One suspects throughout that Savannah is in some way responsible for Joy’s disappearance but we are kept waiting, not in nail biting suspense, but wishing that the end is in sight. When it comes however, like all good fairy tales, the family all live happily ever after and the wicked witch Savannah has the satisfaction of slaying the dragon who ruined her life.

The underlying theme of the damage caused by ambitious parents imposing their dreams of fame and  success on their offspring is a positive in this otherwise rather ordinary novel.

Read by Dundas Readers

Book Review The Cowra Breakout

The Cowra Breakout by Mat McLachlan

Summary

The riveting story of the missing piece of Australia’s World War II history, told by bestselling historian Mat McLachlan (Walking with the AnzacsGallipoli: The Battlefield Guide).

During World War II, in the town of Cowra in central New South Wales, Japanese prisoners of war were held in a POW camp. By August 1944, over a thousand were interned and on the icy night of August 5th they staged one of the largest prison breakouts in history, launching the only land battle of World War II to be fought on Australian soil. Five Australian soldiers and more than 230 Japanese POWs would die during what became known as The Cowra Breakout.

This compelling and fascinating book, written by one of Australia’s leading battlefield historians, vividly traces the full story of the Breakout. It is a tale of proud warriors and misfit Australian soldiers. Of negligence and complacency, and of authorities too slow to recognise danger before it occurred – and too quick to cover it up when it was too late. But mostly it is a story about raw human emotions, and the extremes that people will go to when they feel all hope is lost.

Comments

This book was enjoyed by our readers, with many adding that they were surprised by how much they did enjoy this book.

We found the book to be extremely well researched by the author. With this very factual research the author has then developed a highly detailed and very readable novel about an interesting episode in Australian war history.

The writer was able to take us to this period in time by well researched real personal accounts starting with Japanese Zero fighter pilot Tatsumi Hanada, Australia’s first prisoner of war, shot down over Melville Island following the first Japanese attack on Darwin.

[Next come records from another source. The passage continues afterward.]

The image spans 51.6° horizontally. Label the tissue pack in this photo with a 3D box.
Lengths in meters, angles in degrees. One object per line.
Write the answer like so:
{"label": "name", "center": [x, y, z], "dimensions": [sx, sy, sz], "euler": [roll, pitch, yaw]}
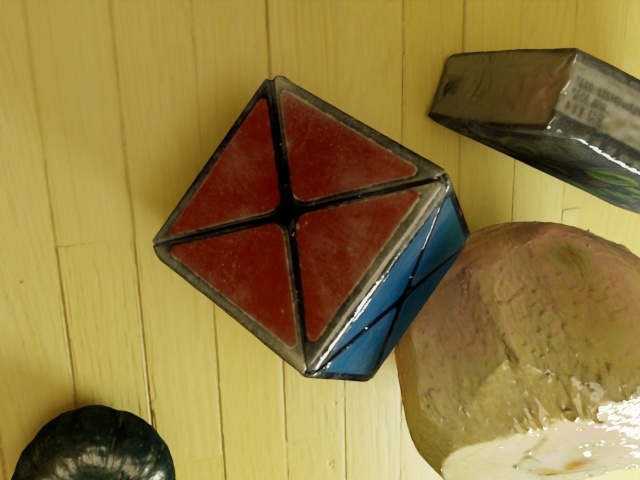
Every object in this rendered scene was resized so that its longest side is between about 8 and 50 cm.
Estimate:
{"label": "tissue pack", "center": [0.387, -0.142, 0.935], "dimensions": [0.394, 0.288, 0.124], "euler": [19, 95, -23]}

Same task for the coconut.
{"label": "coconut", "center": [0.296, 0.150, 0.951], "dimensions": [0.405, 0.404, 0.404], "euler": [-5, 105, -19]}

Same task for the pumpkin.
{"label": "pumpkin", "center": [-0.298, 0.325, 0.873], "dimensions": [0.212, 0.152, 0.211], "euler": [-1, 102, -5]}

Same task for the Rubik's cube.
{"label": "Rubik's cube", "center": [0.000, 0.000, 0.803], "dimensions": [0.259, 0.255, 0.260], "euler": [-53, 157, -2]}

We found it to be a most enjoyable read about the homeland history of Australian soldiers in WW2.

The book also prompted a reflective discussion about how the Japanese prisoners of war were treated by the Australian captors as opposed to how Australian and allied forces along with civilian expats who were captured were treated by the Japanese forces. The Japanese culturally having a completely different attitude to what it meant to be a POW. It was an interesting fact in the book that many Japanese prisoners used false names to conceal from their families in Japan that they were POW’s. Their complete personal shame at being a prisoner, they would rather die in a mass escape than return home after the war to be known as a POW. The Australians treating them well as prisoners only seemed to make them resent their situation more.

This story also gives real recognition to the Australian soldiers who died during this escape and a detailed account of what these soldiers faced on that night in 1944, the night of the breakout.

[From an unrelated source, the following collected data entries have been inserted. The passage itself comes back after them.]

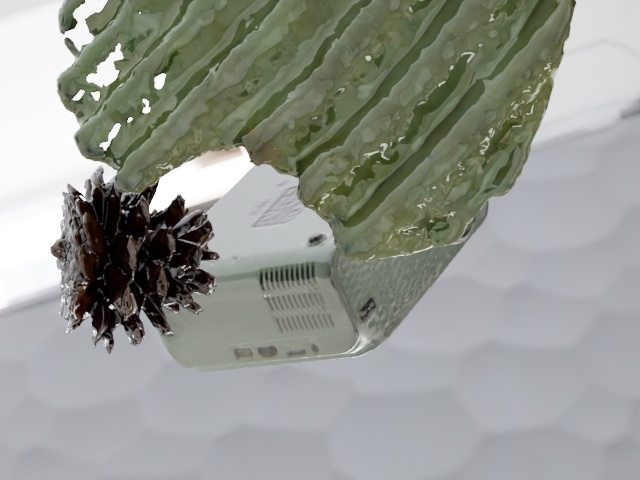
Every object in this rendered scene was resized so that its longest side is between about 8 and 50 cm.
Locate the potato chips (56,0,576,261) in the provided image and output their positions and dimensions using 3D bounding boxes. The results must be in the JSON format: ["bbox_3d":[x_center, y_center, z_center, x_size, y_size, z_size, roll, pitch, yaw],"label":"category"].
[{"bbox_3d":[-0.011,-0.202,1.194,0.097,0.373,0.389,-6,-68,-64],"label":"potato chips"}]

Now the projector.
[{"bbox_3d":[0.000,0.000,1.561,0.250,0.198,0.108,-46,-59,-47],"label":"projector"}]

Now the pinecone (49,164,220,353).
[{"bbox_3d":[-0.135,0.014,1.351,0.140,0.120,0.140,176,90,-80],"label":"pinecone"}]
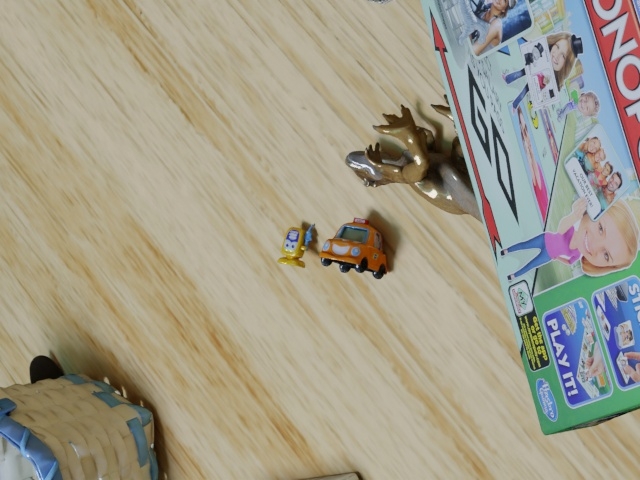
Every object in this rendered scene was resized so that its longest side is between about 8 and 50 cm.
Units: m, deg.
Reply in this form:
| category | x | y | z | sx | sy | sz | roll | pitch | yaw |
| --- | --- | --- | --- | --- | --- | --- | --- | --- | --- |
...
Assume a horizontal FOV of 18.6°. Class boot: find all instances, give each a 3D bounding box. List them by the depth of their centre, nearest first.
| category | x | y | z | sx | sy | sz | roll | pitch | yaw |
| --- | --- | --- | --- | --- | --- | --- | --- | --- | --- |
| boot | -0.280 | 0.171 | 1.947 | 0.114 | 0.037 | 0.106 | -20 | 90 | 61 |

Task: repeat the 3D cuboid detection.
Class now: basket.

The cover up following from the Australian authorities, just like the cover up of the bombing of Darwin, evokes hurt and resentment to this day from Australian soldiers and citizens.

As a group we all confessed that we had very little knowledge at all about the Cowra breakout although most of us had heard of the breakout. This bought about a discussion of many other historically important and impressive episodes in Australia’s war history that are not taught in school history as far as we know.

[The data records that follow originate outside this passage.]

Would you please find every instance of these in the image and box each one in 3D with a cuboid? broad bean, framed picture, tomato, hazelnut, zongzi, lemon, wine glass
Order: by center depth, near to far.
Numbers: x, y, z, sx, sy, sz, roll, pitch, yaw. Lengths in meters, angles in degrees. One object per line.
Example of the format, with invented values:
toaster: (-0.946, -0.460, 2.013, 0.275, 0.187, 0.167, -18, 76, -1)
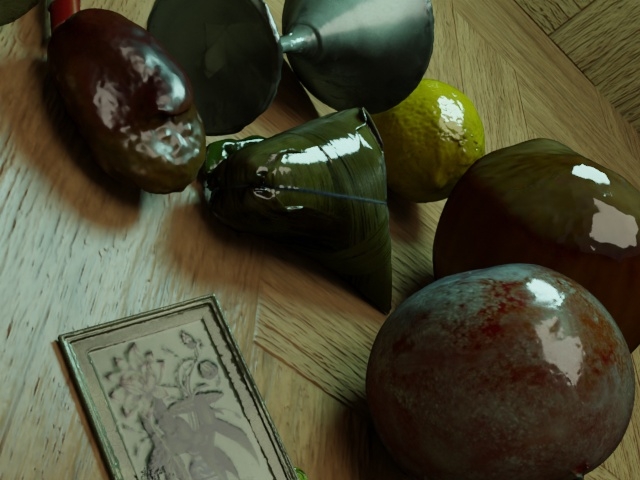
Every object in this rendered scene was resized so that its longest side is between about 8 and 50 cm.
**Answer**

The cover up following from the Australian authorities, just like the cover up of the bombing of Darwin, evokes hurt and resentment to this day from Australian citizens.

A lengthy discussion also followed about Australians’ personal attitudes toward the Japanese after the war. How attitudes have changed over time. Our own grandparents and parents, who lived through this period, had such a different attitude to the Japanese compared to our own generation and that of the current younger generations.

This was a read that we are happy to recommend.